Rollo does that too, we get a little startled sometimes because he will flop in his cage and it makes a loud thump. We always go running to see if he is ok and there he is all laid out chilling LOL.


----------



## Blue eyes (Apr 21, 2013)

Pictures! Let's see pictures!


----------



## Azerane (Apr 22, 2013)

Gotta love the dead bunny flop, by far one of the cutest things a bunny can do. Bandit tends to curl over on his back a little when he first does it before relaxing onto his side. Love seeing it.


----------



## Noodle (Apr 23, 2013)

My Pepper does it all the time!!! I always laugh at her doing it!

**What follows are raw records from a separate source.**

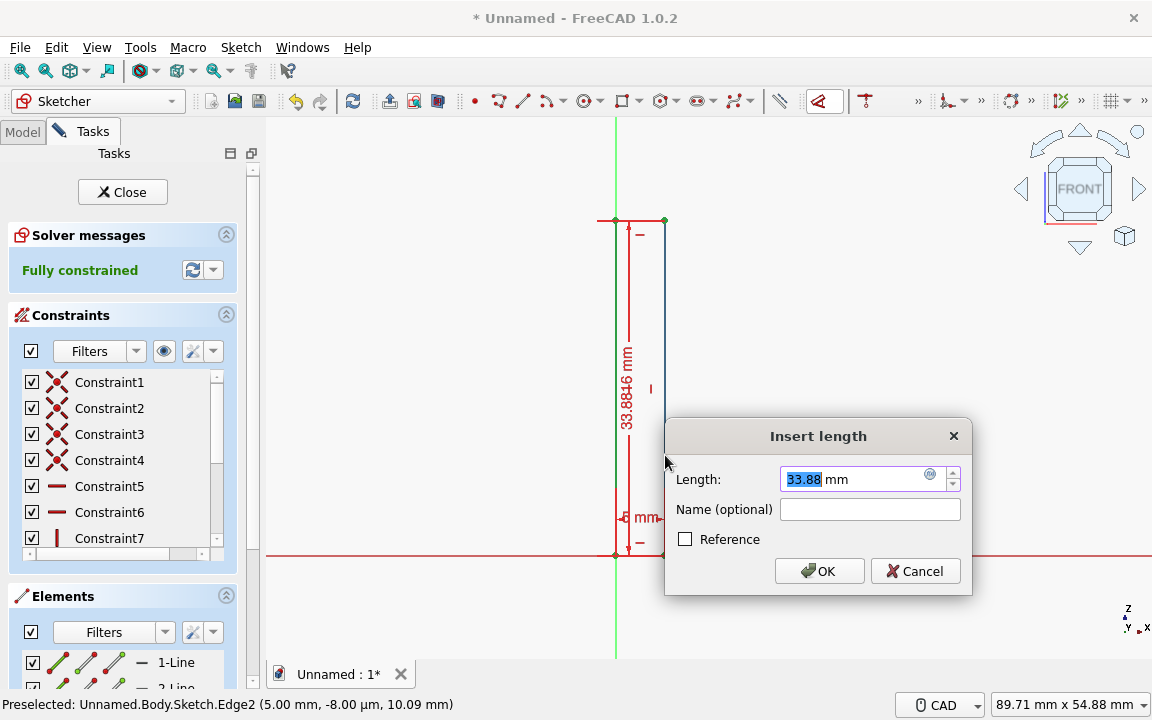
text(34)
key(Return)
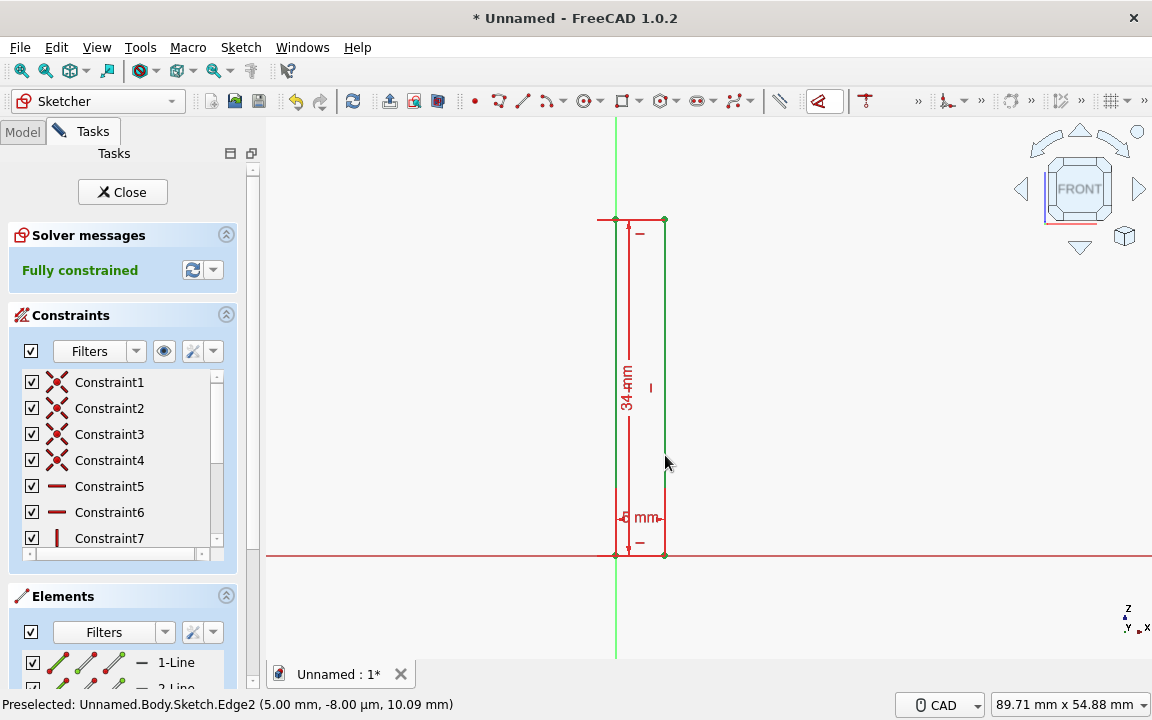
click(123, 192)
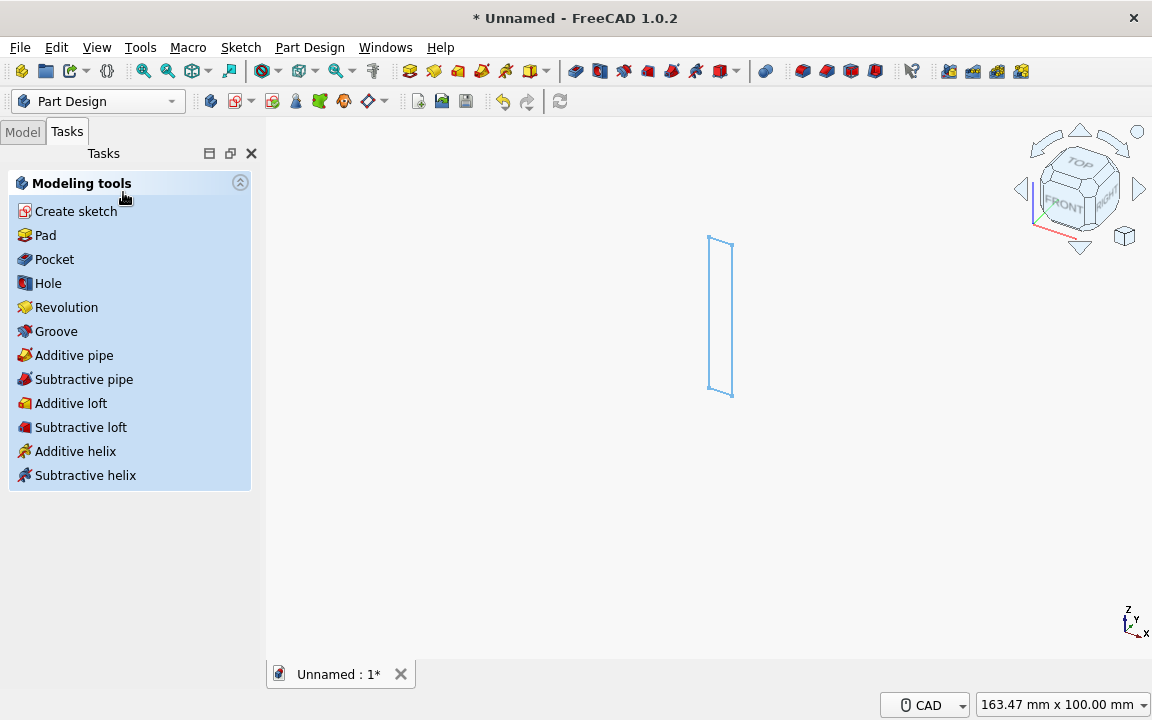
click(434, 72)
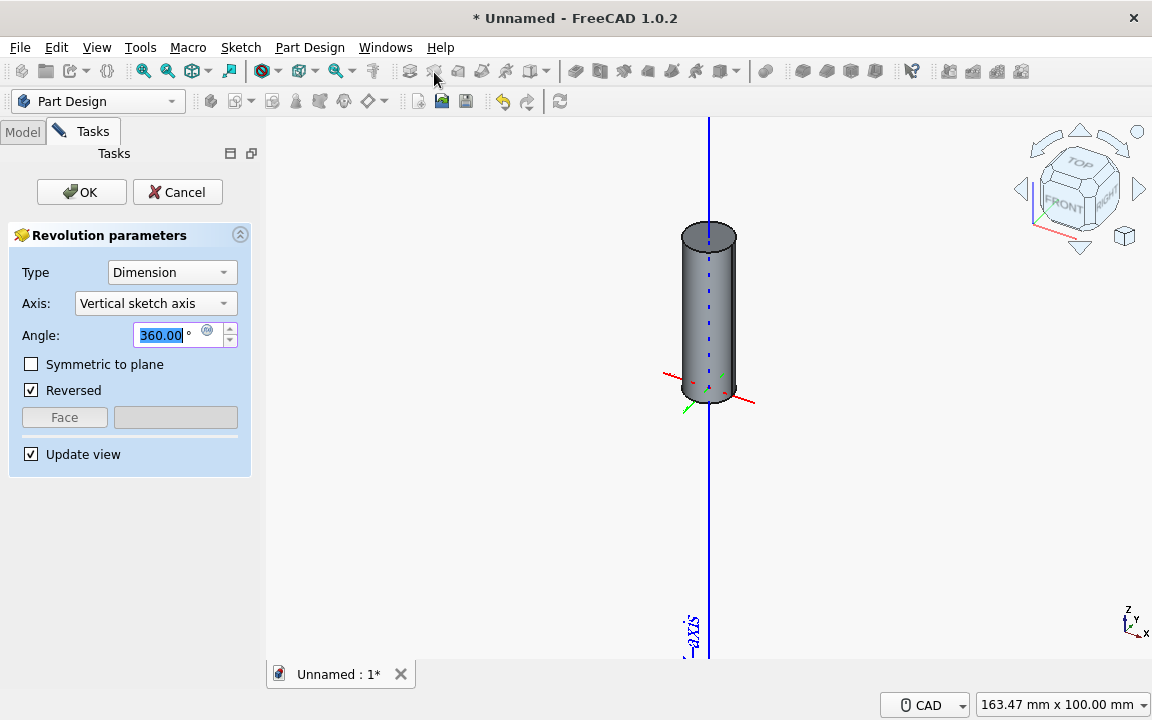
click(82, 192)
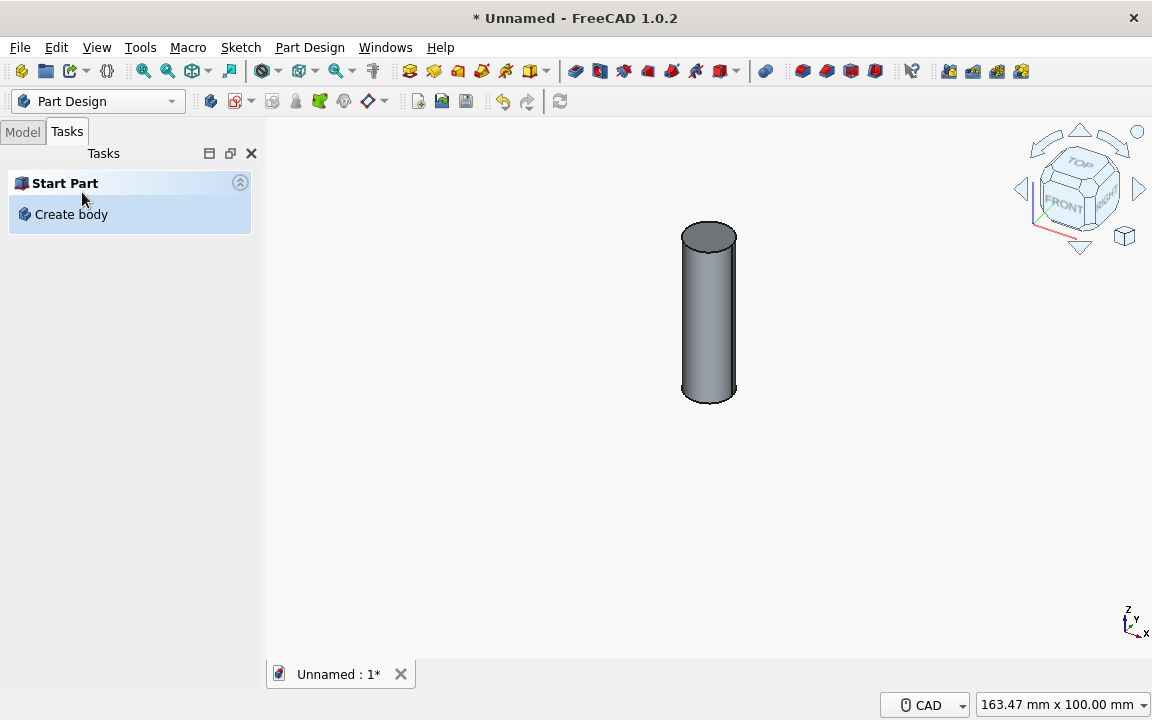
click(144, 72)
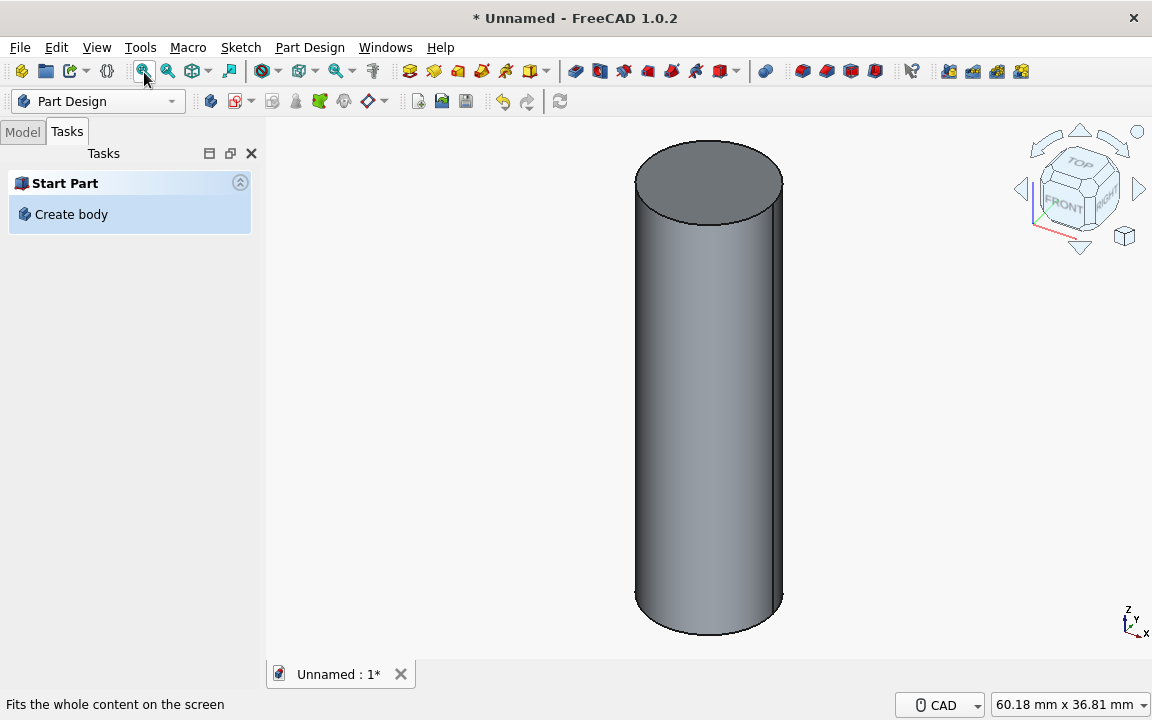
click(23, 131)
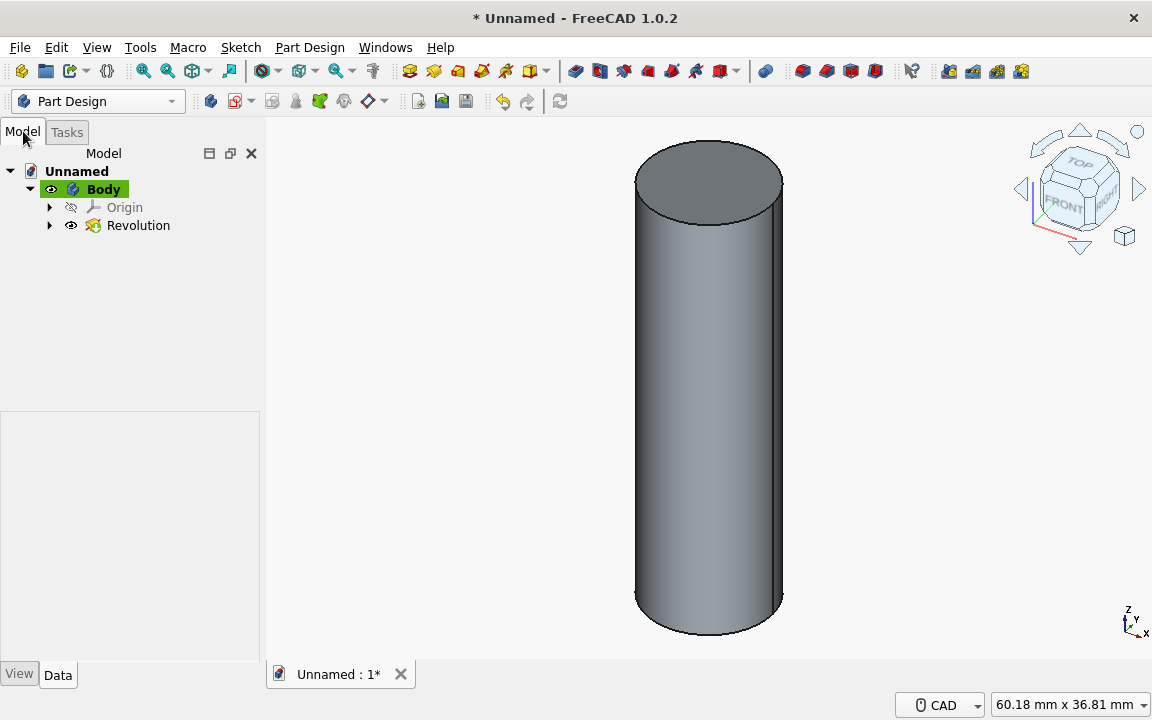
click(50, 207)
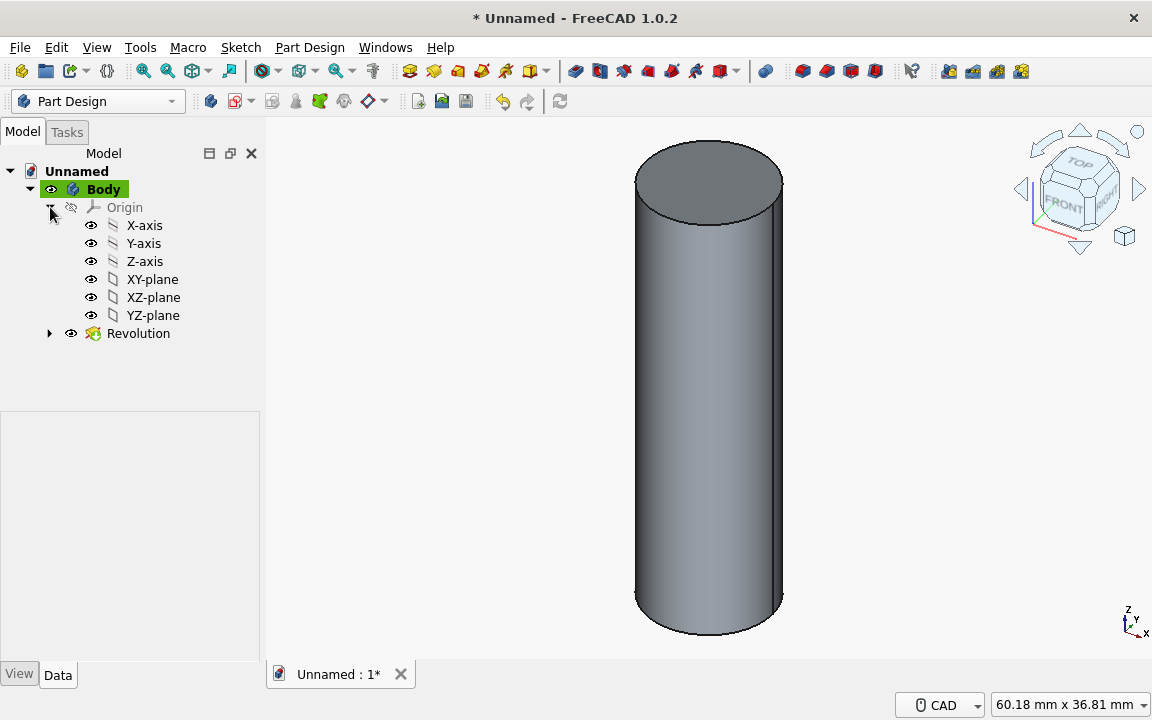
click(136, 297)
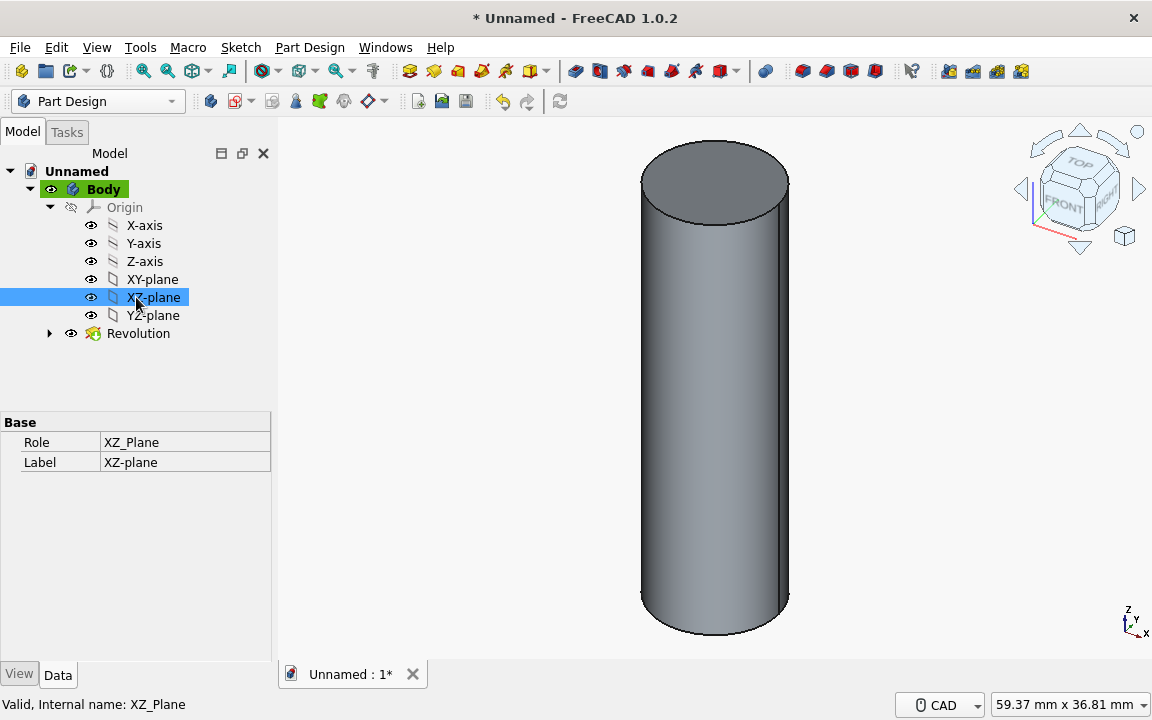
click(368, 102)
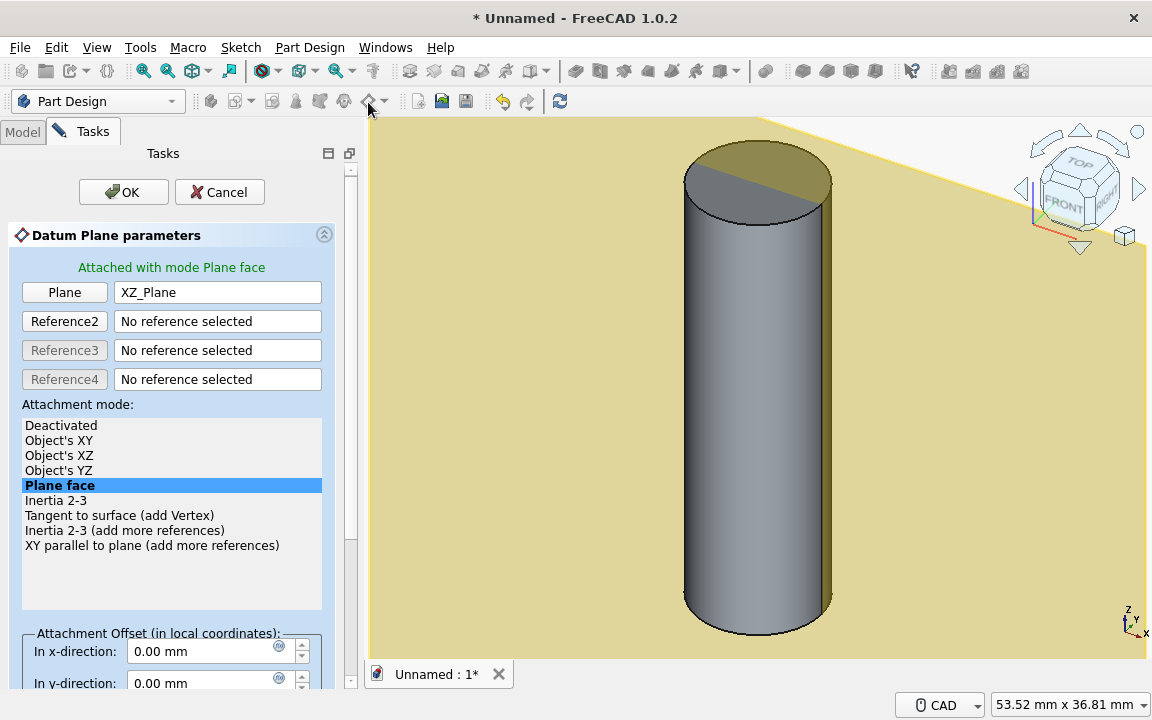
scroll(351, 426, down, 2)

Atleast i know shes happy and not just being to lazy to stretch!
This is her just after she done it earlier..


----------



## gmas rabbit (Apr 23, 2013)

Derby is a real flopper. Sometimes even kicks his water dish over.


----------



## Nancy McClelland (Apr 24, 2013)

The greatest is our avatar, Nikki. She is a world class DBF and sleeper.


----------



## Bertiethebunny123 (Apr 25, 2013)

thanks all, my avatar is a picture of bertie, but i haven't got a picture of bertie flopping over yet. i have a video of him flopping though!


----------



## Pipsqueak (Apr 28, 2013)

I didn't know this was a sign of content! My lionhead does this all the time.


----------



## tonyshuman (Apr 30, 2013)

For bunnies, which are usually always scared because in the wild they have a lot to be scared of, being in such a vulnerable position shows that they are happy, comfortable, and trust you.


----------



## Bertiethebunny123 (May 1, 2013)

ok


----------



## jazminrae (May 2, 2013)

My holland lop Ollie does this constantly! and he will just plop down anywhere and everywhere! as long as he is in the middle of the room! lol


----------